(Collection entries)
▽

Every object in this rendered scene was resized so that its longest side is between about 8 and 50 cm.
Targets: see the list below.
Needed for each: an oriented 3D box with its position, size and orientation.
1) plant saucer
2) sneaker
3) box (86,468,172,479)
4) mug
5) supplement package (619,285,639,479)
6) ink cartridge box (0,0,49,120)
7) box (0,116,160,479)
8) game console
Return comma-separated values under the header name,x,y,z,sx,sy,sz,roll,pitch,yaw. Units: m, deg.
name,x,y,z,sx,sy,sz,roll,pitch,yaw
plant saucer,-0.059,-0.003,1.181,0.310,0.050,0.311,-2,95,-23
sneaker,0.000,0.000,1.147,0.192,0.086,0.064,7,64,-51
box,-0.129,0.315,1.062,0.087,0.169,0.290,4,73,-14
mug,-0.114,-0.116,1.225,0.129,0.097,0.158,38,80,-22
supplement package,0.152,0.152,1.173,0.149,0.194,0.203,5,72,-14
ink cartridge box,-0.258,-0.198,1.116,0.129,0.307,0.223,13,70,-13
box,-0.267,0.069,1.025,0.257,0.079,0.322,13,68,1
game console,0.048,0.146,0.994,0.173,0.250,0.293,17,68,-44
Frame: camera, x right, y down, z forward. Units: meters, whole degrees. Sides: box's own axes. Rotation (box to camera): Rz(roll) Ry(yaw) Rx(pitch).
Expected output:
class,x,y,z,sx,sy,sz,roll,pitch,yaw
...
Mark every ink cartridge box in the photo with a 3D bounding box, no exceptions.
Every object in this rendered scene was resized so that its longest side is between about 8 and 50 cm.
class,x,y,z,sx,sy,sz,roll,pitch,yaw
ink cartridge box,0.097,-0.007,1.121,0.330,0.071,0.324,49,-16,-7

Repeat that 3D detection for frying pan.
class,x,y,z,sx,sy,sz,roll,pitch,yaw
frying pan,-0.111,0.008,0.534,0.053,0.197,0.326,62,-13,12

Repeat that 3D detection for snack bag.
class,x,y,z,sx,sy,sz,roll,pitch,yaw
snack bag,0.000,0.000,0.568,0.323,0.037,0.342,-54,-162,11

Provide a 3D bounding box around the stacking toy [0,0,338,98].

△

→ Exercise: The answer should be nothing but the number of lines in this data that include "bounding".

→ Exercise answer: 2